Collection entries
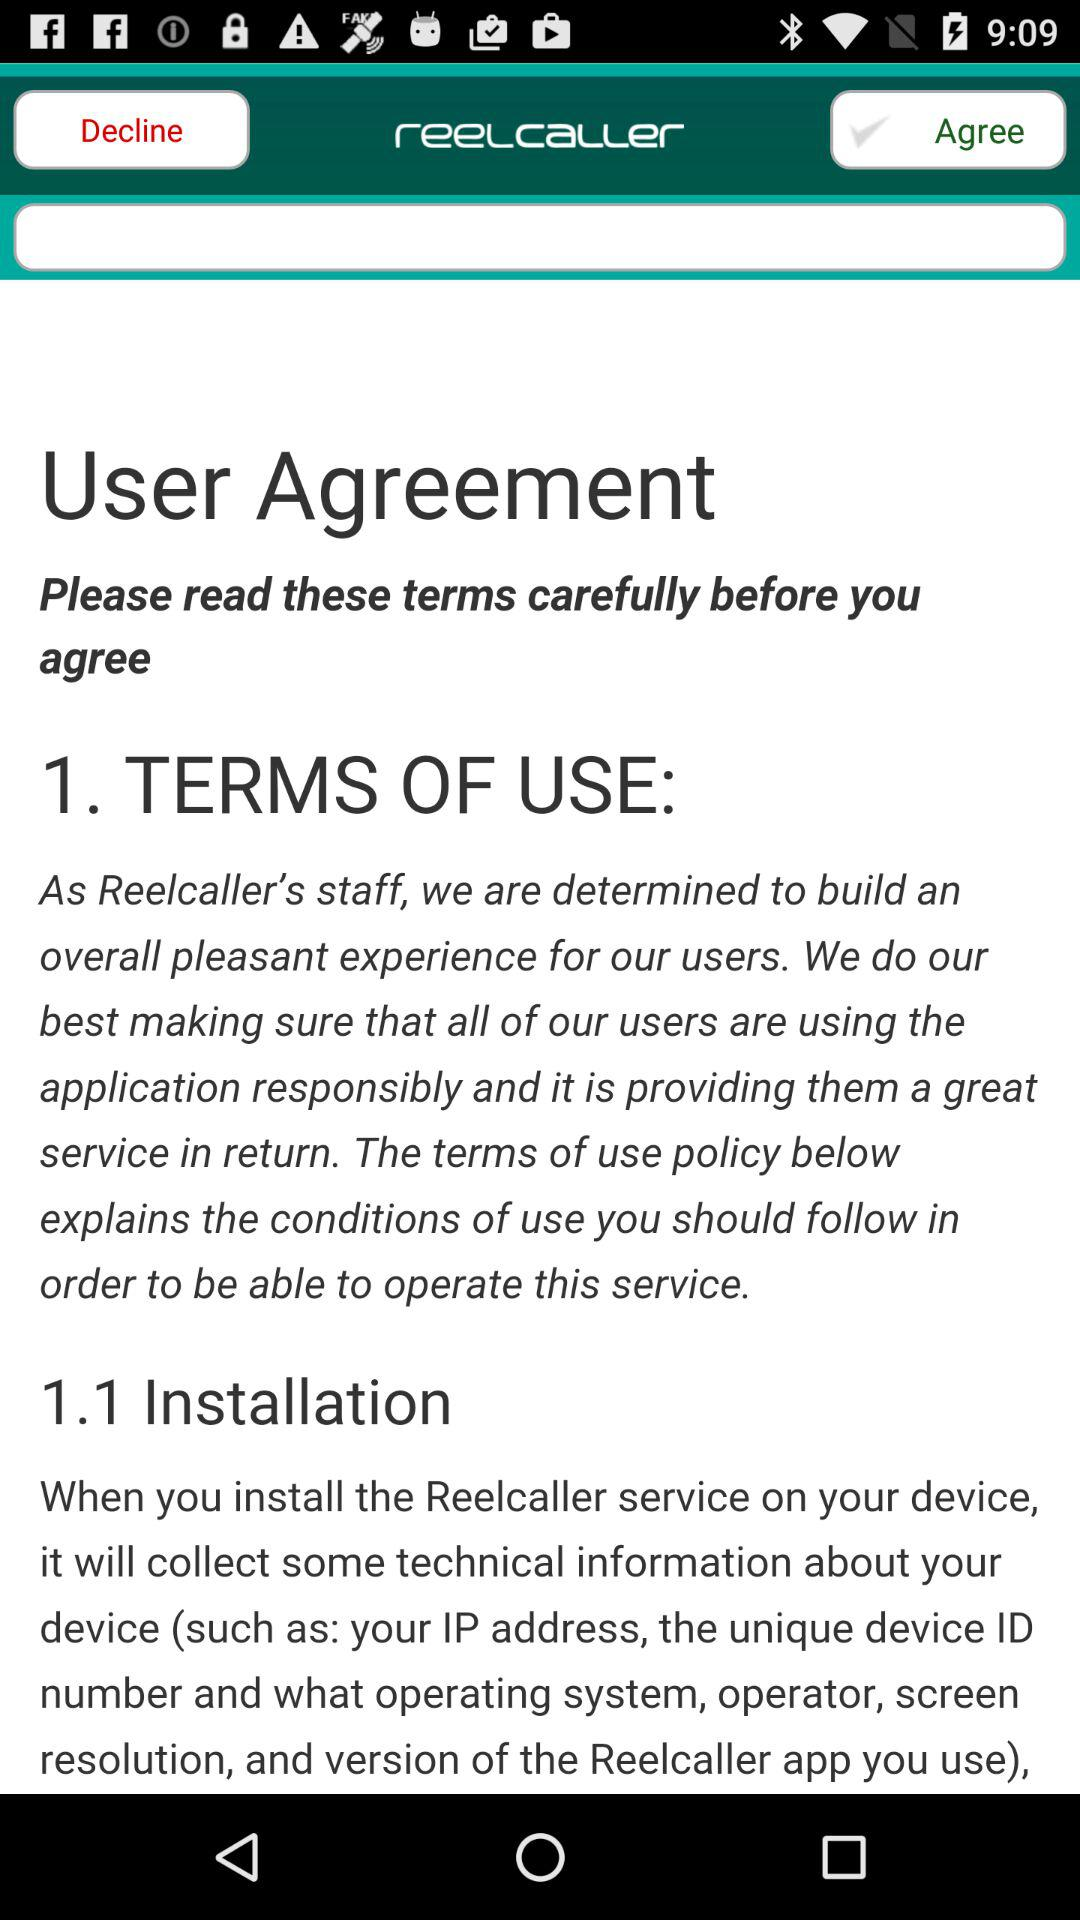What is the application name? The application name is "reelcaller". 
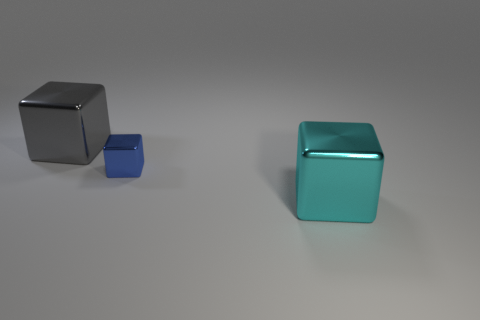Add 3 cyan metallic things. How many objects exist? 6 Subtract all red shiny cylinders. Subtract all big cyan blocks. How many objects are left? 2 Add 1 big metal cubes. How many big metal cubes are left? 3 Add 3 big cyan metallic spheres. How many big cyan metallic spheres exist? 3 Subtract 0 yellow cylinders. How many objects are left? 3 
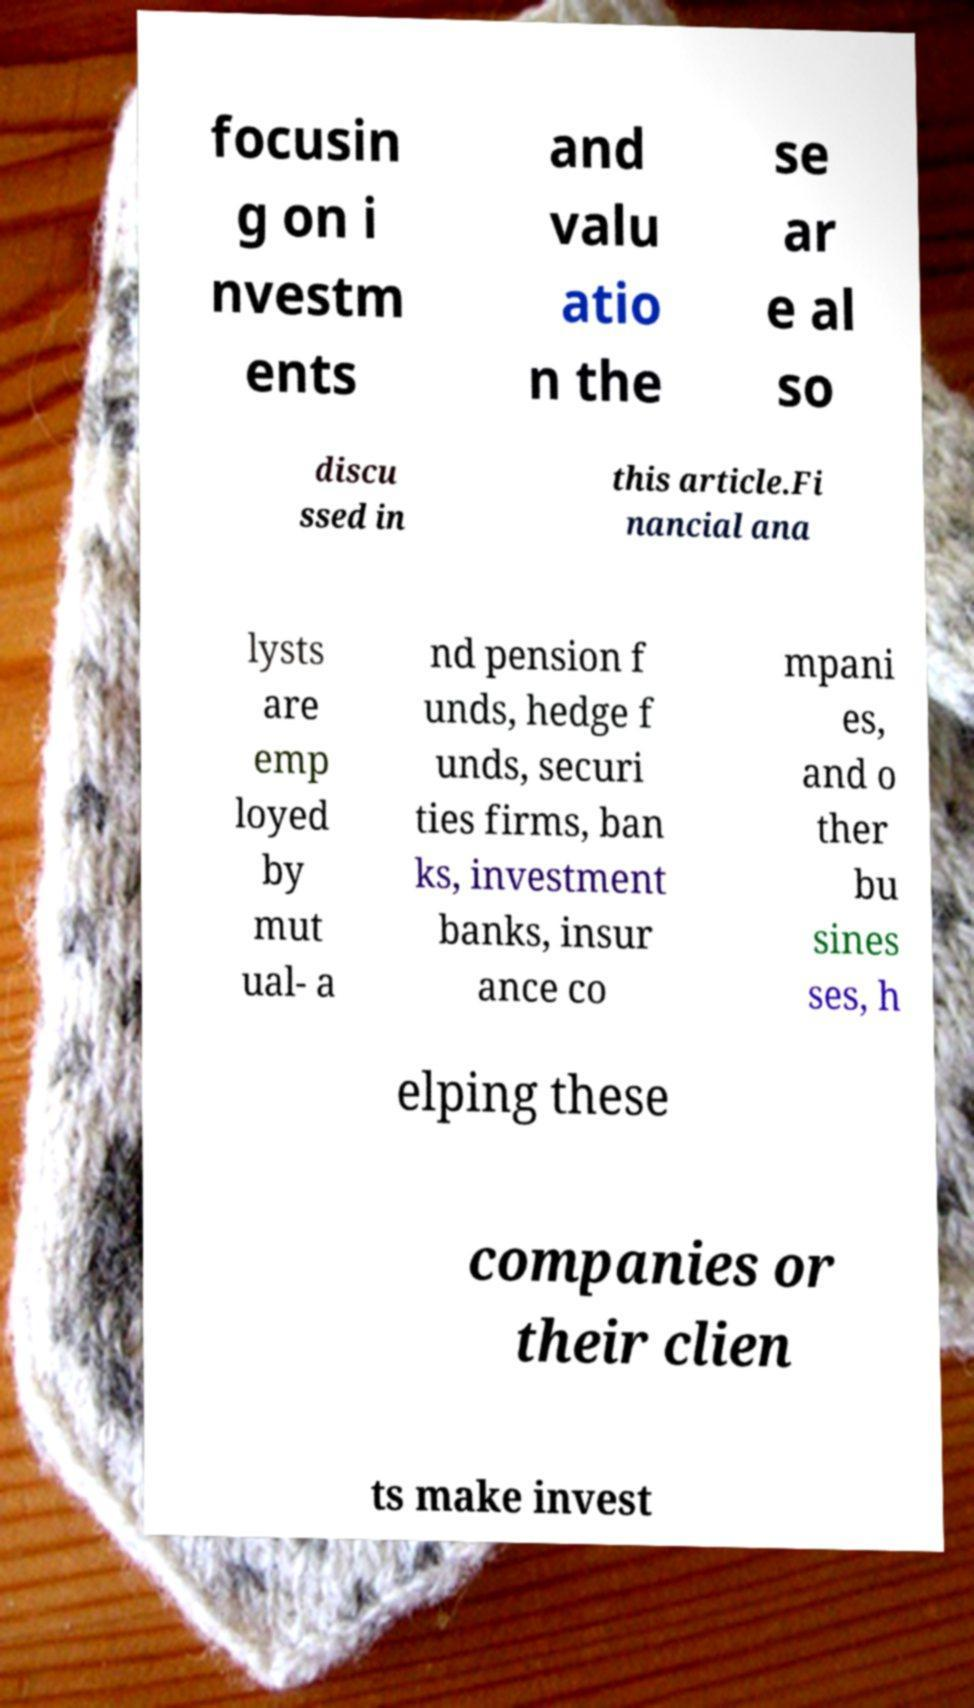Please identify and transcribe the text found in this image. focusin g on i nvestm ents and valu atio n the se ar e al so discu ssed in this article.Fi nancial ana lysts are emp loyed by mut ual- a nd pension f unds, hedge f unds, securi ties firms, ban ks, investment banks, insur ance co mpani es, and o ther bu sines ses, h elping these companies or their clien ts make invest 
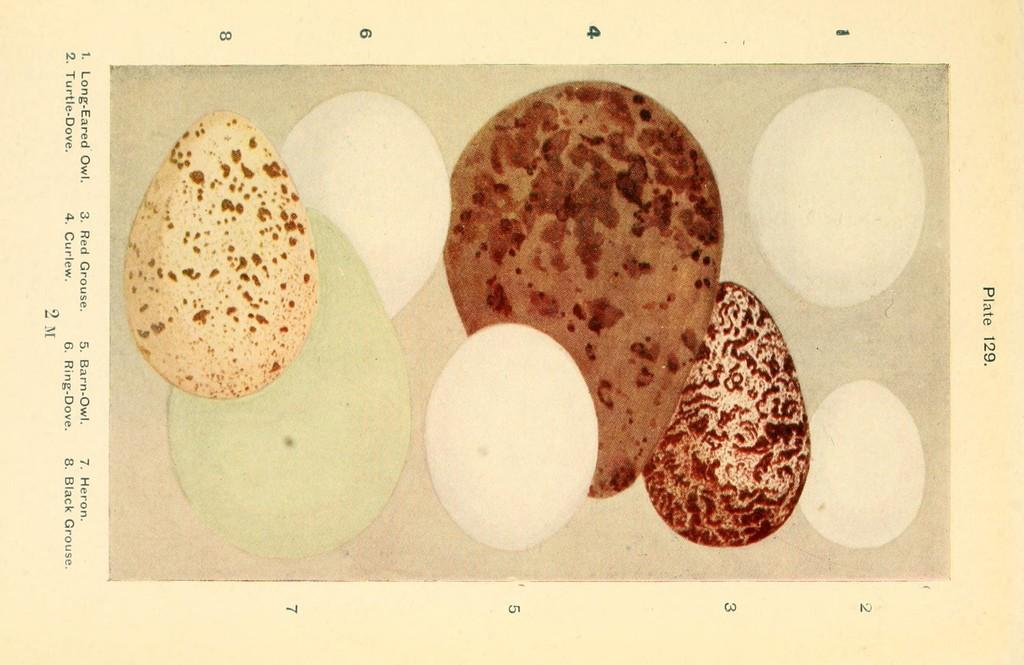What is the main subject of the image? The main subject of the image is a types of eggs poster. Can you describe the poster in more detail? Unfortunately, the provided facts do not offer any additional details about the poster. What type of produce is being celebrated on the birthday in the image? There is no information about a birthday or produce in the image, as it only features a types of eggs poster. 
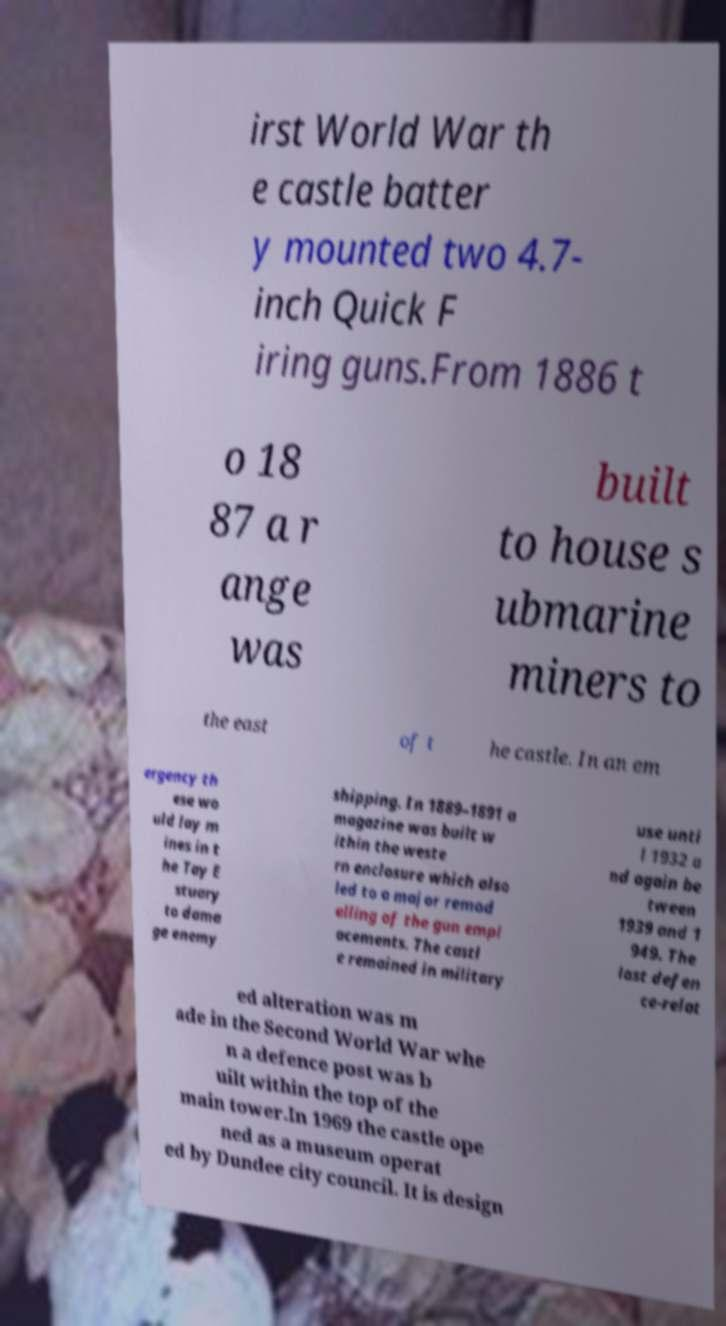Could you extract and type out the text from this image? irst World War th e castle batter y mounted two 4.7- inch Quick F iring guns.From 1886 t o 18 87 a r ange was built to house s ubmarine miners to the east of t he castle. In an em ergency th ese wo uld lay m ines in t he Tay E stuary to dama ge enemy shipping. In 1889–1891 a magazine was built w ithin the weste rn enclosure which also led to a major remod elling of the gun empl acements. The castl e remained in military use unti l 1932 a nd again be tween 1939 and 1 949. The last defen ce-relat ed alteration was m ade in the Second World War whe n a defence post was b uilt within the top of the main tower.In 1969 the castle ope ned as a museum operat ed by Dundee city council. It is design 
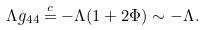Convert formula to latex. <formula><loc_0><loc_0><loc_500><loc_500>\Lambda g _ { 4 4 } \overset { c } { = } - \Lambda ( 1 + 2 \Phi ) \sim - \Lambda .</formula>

* _Assigned task_
Leaving aside the images, write out every entry above exactly.

* _Finished exercise_
What is the application name? The application name is "reelcaller". 
Add 3 cyan metallic things. How many objects exist? 6 Subtract all red shiny cylinders. Subtract all big cyan blocks. How many objects are left? 2 Add 1 big metal cubes. How many big metal cubes are left? 3 Add 3 big cyan metallic spheres. How many big cyan metallic spheres exist? 3 Subtract 0 yellow cylinders. How many objects are left? 3 
Please identify and transcribe the text found in this image. focusin g on i nvestm ents and valu atio n the se ar e al so discu ssed in this article.Fi nancial ana lysts are emp loyed by mut ual- a nd pension f unds, hedge f unds, securi ties firms, ban ks, investment banks, insur ance co mpani es, and o ther bu sines ses, h elping these companies or their clien ts make invest 
What is the main subject of the image? The main subject of the image is a types of eggs poster. Can you describe the poster in more detail? Unfortunately, the provided facts do not offer any additional details about the poster. What type of produce is being celebrated on the birthday in the image? There is no information about a birthday or produce in the image, as it only features a types of eggs poster. 
Could you extract and type out the text from this image? irst World War th e castle batter y mounted two 4.7- inch Quick F iring guns.From 1886 t o 18 87 a r ange was built to house s ubmarine miners to the east of t he castle. In an em ergency th ese wo uld lay m ines in t he Tay E stuary to dama ge enemy shipping. In 1889–1891 a magazine was built w ithin the weste rn enclosure which also led to a major remod elling of the gun empl acements. The castl e remained in military use unti l 1932 a nd again be tween 1939 and 1 949. The last defen ce-relat ed alteration was m ade in the Second World War whe n a defence post was b uilt within the top of the main tower.In 1969 the castle ope ned as a museum operat ed by Dundee city council. It is design 
Convert formula to latex. <formula><loc_0><loc_0><loc_500><loc_500>\Lambda g _ { 4 4 } \overset { c } { = } - \Lambda ( 1 + 2 \Phi ) \sim - \Lambda .</formula>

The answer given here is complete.